Innovent Biologics, Inc. (HKEX: 01801), a prominent biopharmaceutical enterprise, has unveiled the results of the pivotal Phase 2 TRUST-I study conducted in China, focusing on taletrectinib, a next-generation ROS1 tyrosine kinase inhibitor (TKI). The study's findings were published in the Journal of Clinical Oncology (JCO) and will be presented at the 2024 American Society of Clinical Oncology (ASCO) Annual Meeting.

The TRUST-I study evaluated 173 patients with advanced ROS1-positive non-small cell lung cancer (NSCLC) treated with taletrectinib. The results highlighted a tumor shrinkage (confirmed objective response rate, cORR) of 91% in TKI-naïve patients and 52% in those previously treated with crizotinib. Taletrectinib demonstrated significant efficacy in patients with brain metastases and those with acquired resistance mutations, including G2032R.

With a median follow-up of 23.5 months for TKI-naïve patients, the median duration of response and median progression-free survival were not reached. For TKI-pretreated patients, with a median follow-up of 9.7 months, the median duration of response was 10.6 months and median progression-free survival was 7.6 months. The safety profile of taletrectinib remained consistent with previous data, showing a low incidence of neurologic treatment-emergent adverse events (TEAEs).

Following the positive results from TRUST-I, the National Medical Products Administration (NMPA) of China has accepted two new drug applications (NDA) for taletrectinib and granted them priority review designations. These applications pertain to the first-line and second-line treatment of adult patients with locally advanced or metastatic ROS1-positive NSCLC.

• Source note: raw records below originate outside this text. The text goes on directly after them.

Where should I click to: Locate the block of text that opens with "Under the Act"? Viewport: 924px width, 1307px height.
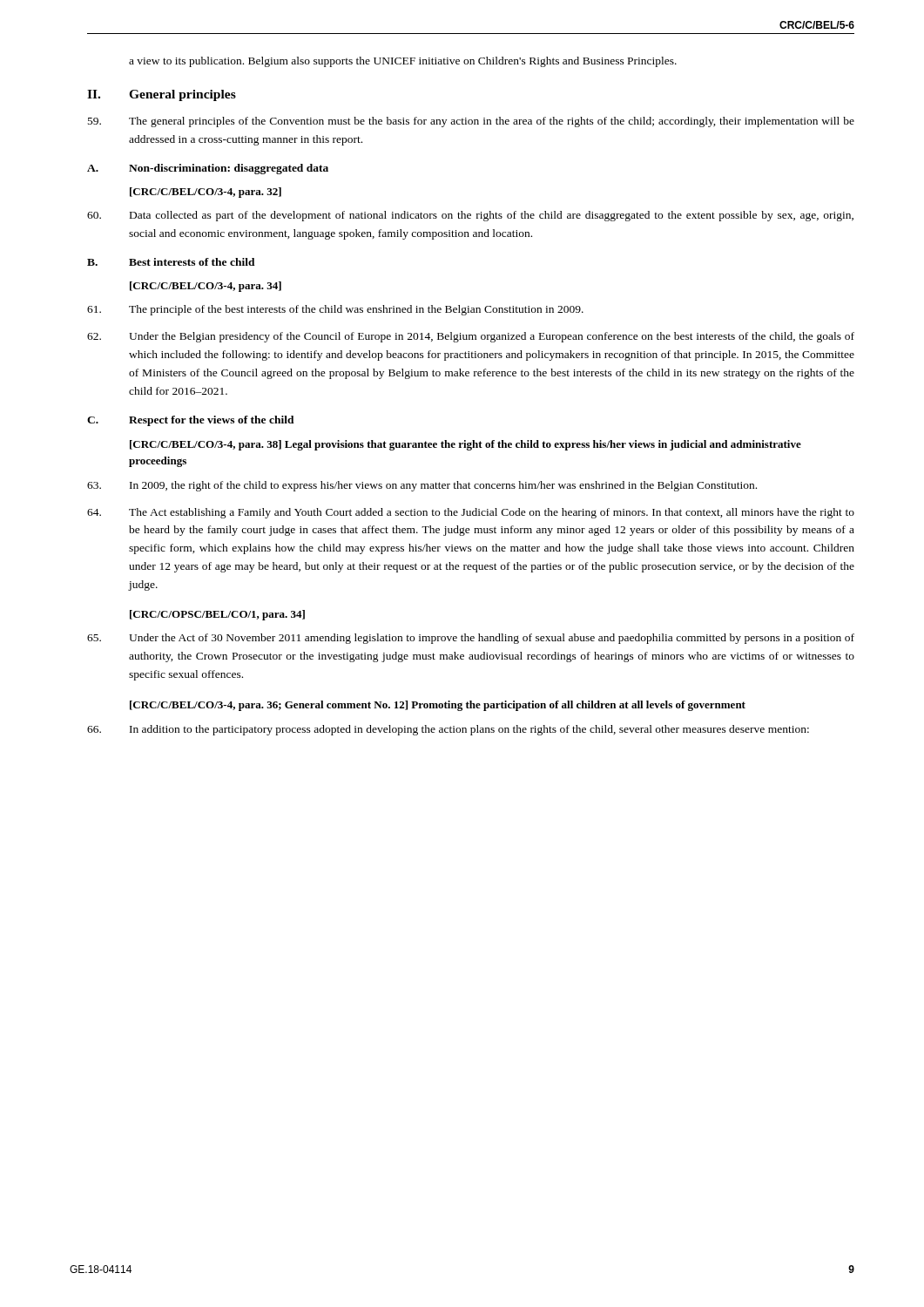pos(471,657)
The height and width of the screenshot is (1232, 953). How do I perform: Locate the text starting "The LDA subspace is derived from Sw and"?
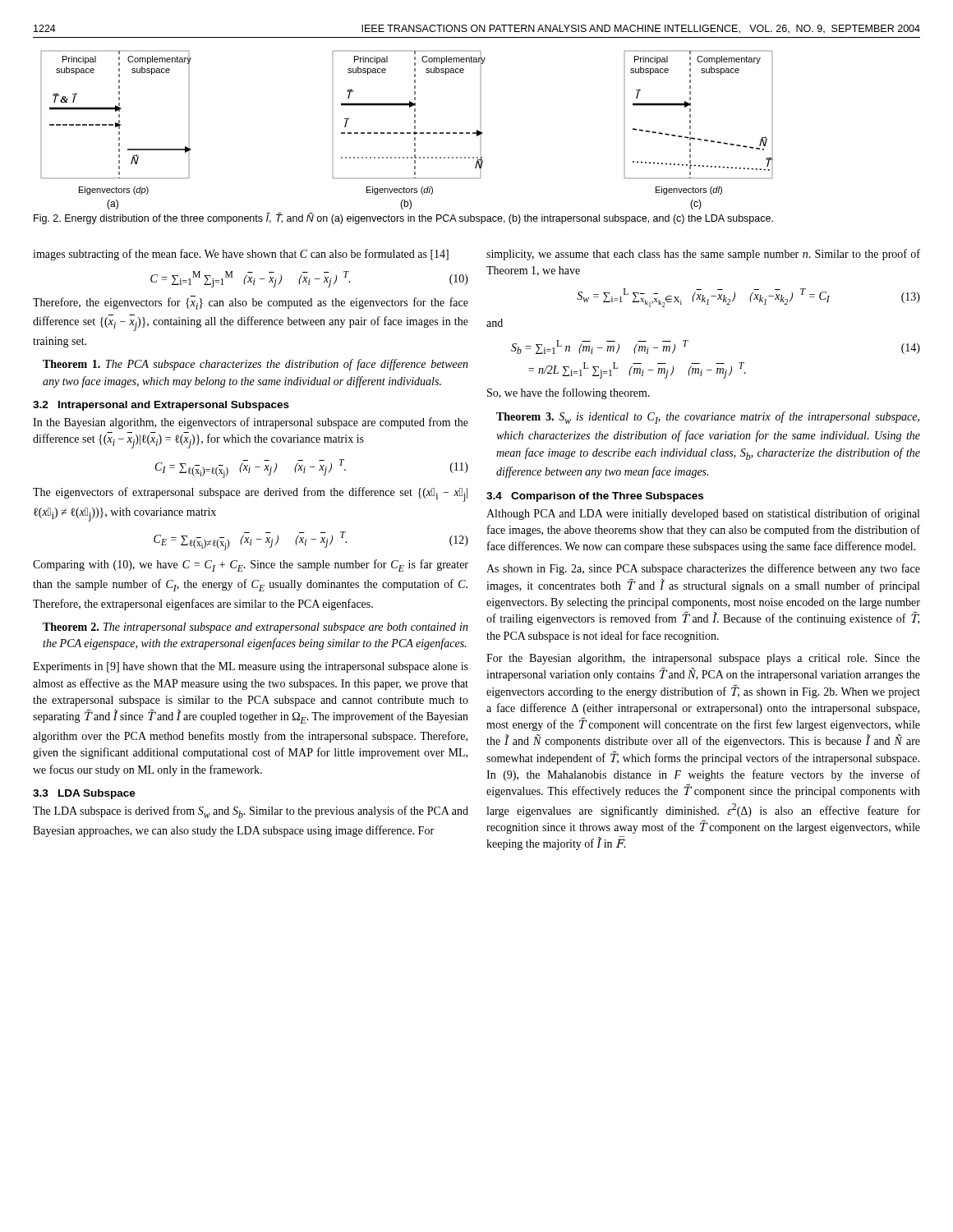251,821
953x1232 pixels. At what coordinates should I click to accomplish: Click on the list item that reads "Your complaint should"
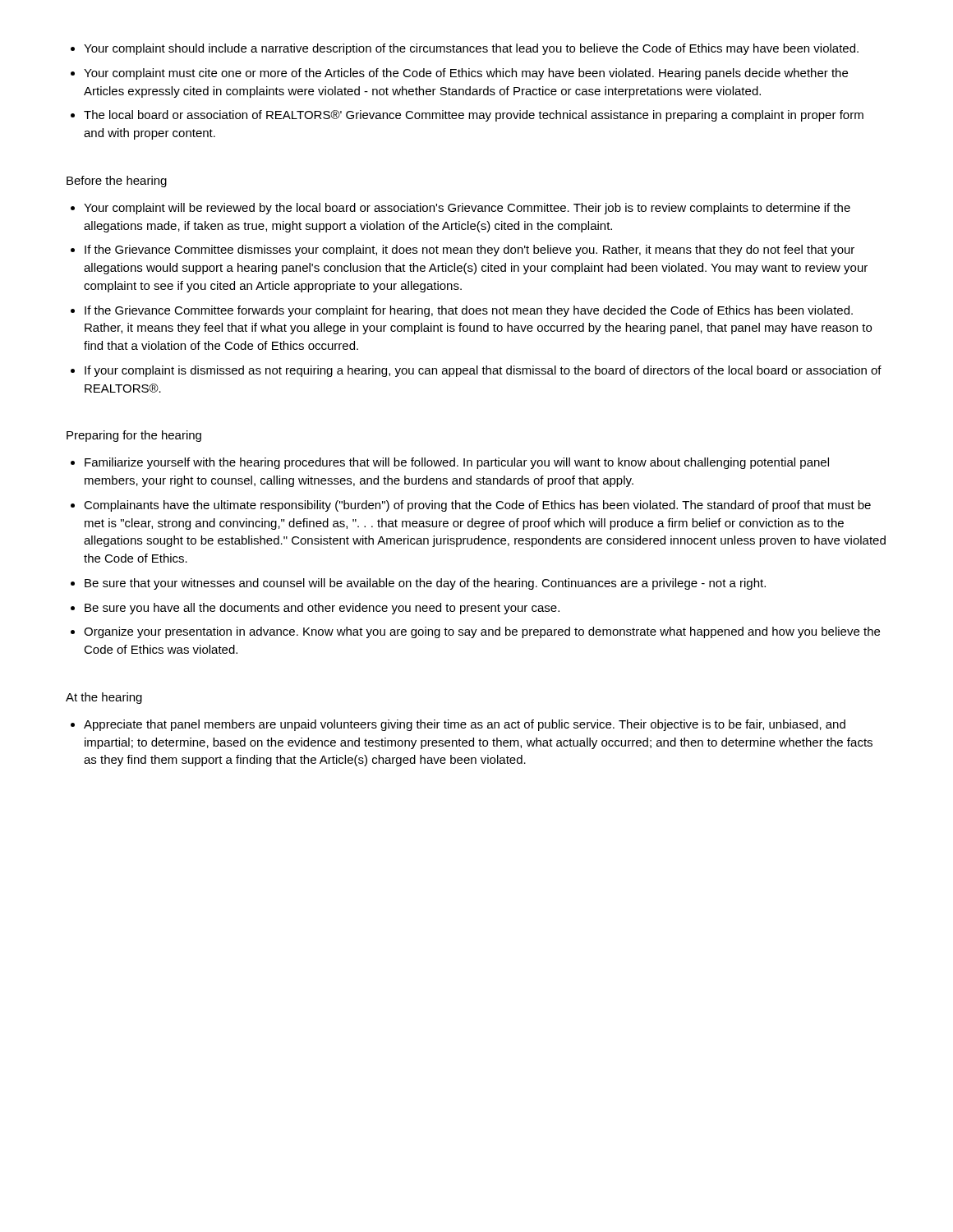(x=472, y=48)

Caicun Zhou, M.D., Ph.D., Principal Investigator of the TRUST-I study, emphasized the need for new treatment options for ROS1-positive NSCLC, citing the strong efficacy and favorable safety profile of taletrectinib as promising for patients. Dr. Hui Zhou, Senior Vice President of Innovent Biologics, highlighted the clinical benefits and durable response shown by taletrectinib, reaffirming the company's commitment to working with regulatory authorities to bring this targeted therapy to patients in China.

ROS1-positive NSCLC is a subtype of non-small cell lung cancer, which affects over one million people globally each year. Approximately 1-3% of these patients are ROS1-positive. A significant proportion of these patients have brain metastases, underlining the need for effective treatments.

Taletrectinib, an oral and CNS-active ROS1 inhibitor, is designed for treating advanced ROS1-positive NSCLC. It's being evaluated in two Phase 2 pivotal studies: TRUST-I in China and TRUST-II globally. The U.S. Food and Drug Administration (FDA) and China's NMPA have granted Breakthrough Therapy Designations to taletrectinib for advanced or metastatic ROS1-positive NSCLC. Innovent's partnership with AnHeart Therapeutics aims to develop and commercialize taletrectinib in Greater China.

The TRUST-I study involved 173 patients, including TKI-naïve and TKI-pretreated groups. Patients received 600 mg of taletrectinib daily in 21-day cycles. The study's primary endpoint was cORR, with secondary endpoints including duration of response (DOR), progression-free survival (PFS), and safety. Results showed significant tumor and brain metastases shrinkage, particularly in TKI-naïve patients.

The study's detailed findings underscore the potential of taletrectinib as a new treatment option for ROS1-positive NSCLC, with promising response rates and manageable safety profiles. Innovent's dedication to providing innovative therapies continues to drive advancements in biopharmaceutical development, aiming to make high-quality treatments accessible globally.